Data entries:
++++++++++

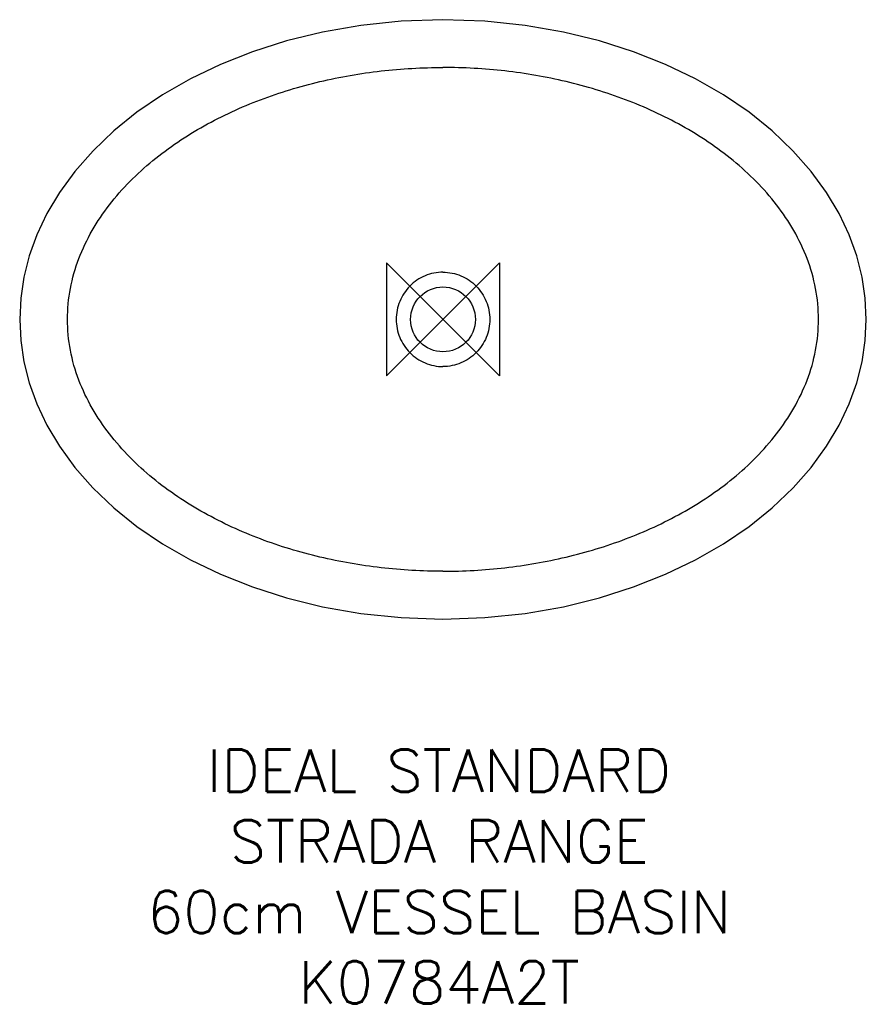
# Model space of a CAD drawing. Header units: millimetres. Extents: x -300 to 300, y -486 to 212.
import ezdxf

# ---------------------------------------------------------------- set-up
doc = ezdxf.new("R2010")
doc.units = ezdxf.units.MM
doc.header["$LTSCALE"] = 32.67
for name, color, linetype in [('DETAIL', 2, 'CONTINUOUS'), ('ORIGIN', 6, 'CONTINUOUS'), ('Text', 7, 'CONTINUOUS')]:
    doc.layers.add(name, color=color, linetype=linetype)
doc.styles.add('Fastrack', font='simplex.shx')

# ---------------------------------------------------------------- blocks, each defined once
blk = doc.blocks.new('ORIGIN')
at = {"layer": 'ORIGIN'}
blk.add_lwpolyline([(-20, 20), (-20, -20), (20, 20), (20, -20)], close=True, dxfattribs=at)

msp = doc.modelspace()

# ---------------------------------------------------------------- linework, layer by layer
at = {"layer": 'DETAIL'}
for points in [[(0, 212.44), (-29.62, 211.41), (-58.24, 208.41), (-85.36, 203.68), (-110.99, 197.4), (-135.14, 189.71), (-157.83, 180.73), (-179.07, 170.53), (-198.83, 159.19), (-217, 146.82), (-233.49, 133.55), (-248.19, 119.53), (-261.04, 104.93), (-271.94, 89.99), (-280.88, 74.98), (-287.98, 59.98), (-293.38, 45.01), (-297.18, 30.01), (-299.44, 15.01), (-300.19, 0.01), (-299.44, -15), (-297.18, -30.01), (-293.38, -45), (-287.98, -59.98), (-280.89, -74.97), (-271.94, -89.98), (-261.04, -104.92), (-248.2, -119.52), (-233.49, -133.54), (-217.01, -146.81), (-198.84, -159.18), (-179.09, -170.52), (-157.85, -180.72), (-135.16, -189.7), (-111.01, -197.39), (-85.39, -203.67), (-58.27, -208.41), (-29.65, -211.4), (0, -212.44)], [(0, -212.44), (29.65, -211.4), (58.27, -208.41), (85.38, -203.68), (111.01, -197.39), (135.16, -189.7), (157.85, -180.72), (179.09, -170.52), (198.84, -159.18), (217.01, -146.81), (233.49, -133.54), (248.2, -119.52), (261.04, -104.92), (271.94, -89.98), (280.89, -74.97), (287.98, -59.98), (293.38, -45), (297.18, -30.01), (299.44, -15), (300.19, 0.01), (299.44, 15.01), (297.18, 30.01), (293.38, 45.01), (287.98, 59.98), (280.88, 74.98), (271.94, 89.99), (261.04, 104.93), (248.19, 119.53), (233.49, 133.55), (217, 146.82), (198.83, 159.19), (179.07, 170.53), (157.83, 180.73), (135.14, 189.71), (110.99, 197.4), (85.36, 203.68), (58.23, 208.41), (29.62, 211.41), (0, 212.44)]]:
    msp.add_lwpolyline(points, dxfattribs=at)
msp.add_circle((0, 0), 23, dxfattribs=at)
for points, start_tangent, end_tangent in [([(0, -178.56), (-22.01, -177.95), (-43.94, -176.07), (-65.73, -172.93), (-87.3, -168.51), (-129.39, -155.69), (-169.32, -137.21), (-205.75, -112.56), (-222.02, -97.74), (-236.53, -81.18), (-248.78, -62.91), (-258.22, -43.04), (-264.22, -21.88), (-266.29, 0.01), (-264.22, 21.9), (-258.22, 43.06), (-248.79, 62.93), (-236.54, 81.21), (-222.03, 97.76), (-205.76, 112.58), (-169.33, 137.24), (-129.4, 155.71), (-87.3, 168.52), (-65.73, 172.94), (-43.94, 176.08), (-22.01, 177.95), (0, 178.56)], (-1, -0.000001), (1, -0.000001)), ([(0, -178.56), (22.01, -177.95), (43.94, -176.07), (65.73, -172.93), (87.3, -168.51), (129.39, -155.69), (169.32, -137.21), (205.75, -112.56), (222.02, -97.74), (236.53, -81.18), (248.78, -62.91), (258.22, -43.04), (264.22, -21.88), (266.29, 0.01), (264.22, 21.9), (258.22, 43.06), (248.79, 62.93), (236.54, 81.21), (222.03, 97.76), (205.76, 112.58), (169.33, 137.24), (129.4, 155.71), (87.3, 168.52), (65.73, 172.94), (43.94, 176.08), (22.01, 177.95), (0, 178.56)], (1, 0.000004), (-1, 0.000004)), ([(0, 33.47), (-6.5, 32.81), (-12.73, 30.87), (-18.47, 27.75), (-23.49, 23.58), (-27.61, 18.52), (-30.67, 12.75), (-32.55, 6.49), (-33.18, 0), (-32.55, -6.5), (-30.68, -12.76), (-27.62, -18.53), (-23.5, -23.59), (-18.47, -27.76), (-12.74, -30.88), (-6.5, -32.8), (0, -33.46)], (-1, 0.000009), (1, 0.000018)), ([(0, 33.47), (6.5, 32.81), (12.73, 30.87), (18.47, 27.75), (23.49, 23.58), (27.61, 18.52), (30.67, 12.75), (32.55, 6.49), (33.18, 0), (32.55, -6.5), (30.68, -12.76), (27.62, -18.53), (23.5, -23.59), (18.47, -27.76), (12.74, -30.88), (6.5, -32.8), (0, -33.46)], (1, 0.000013), (-1, 0.000023))]:
    msp.add_spline(points, degree=3, dxfattribs=dict(at, start_tangent=start_tangent, end_tangent=end_tangent))

# ---------------------------------------------------------------- block references
at = {"layer": 'ORIGIN', "xscale": -2, "yscale": 2, "zscale": 2}
msp.add_blockref('ORIGIN', (0, 0), dxfattribs=at)

# ---------------------------------------------------------------- texts
at = {"layer": 'Text', "insert": (-2.82, -305.01), "char_height": 30, "width": 2237.2895, "attachment_point": 2, "style": 'Fastrack'}
msp.add_mtext('IDEAL STANDARD\\PSTRADA RANGE\\P60cm VESSEL BASIN\\PK0784A2T', dxfattribs=at)

doc.saveas('drawing.dxf')

++++++++++

WHAT YOU ARE ASKED TO DO: Take every line above carrying "dxfattribs" and return it.

TASK ANSWER:
blk.add_lwpolyline([(-20, 20), (-20, -20), (20, 20), (20, -20)], close=True, dxfattribs=at)
    msp.add_lwpolyline(points, dxfattribs=at)
msp.add_circle((0, 0), 23, dxfattribs=at)
    msp.add_spline(points, degree=3, dxfattribs=dict(at, start_tangent=start_tangent, end_tangent=end_tangent))
msp.add_blockref('ORIGIN', (0, 0), dxfattribs=at)
msp.add_mtext('IDEAL STANDARD\\PSTRADA RANGE\\P60cm VESSEL BASIN\\PK0784A2T', dxfattribs=at)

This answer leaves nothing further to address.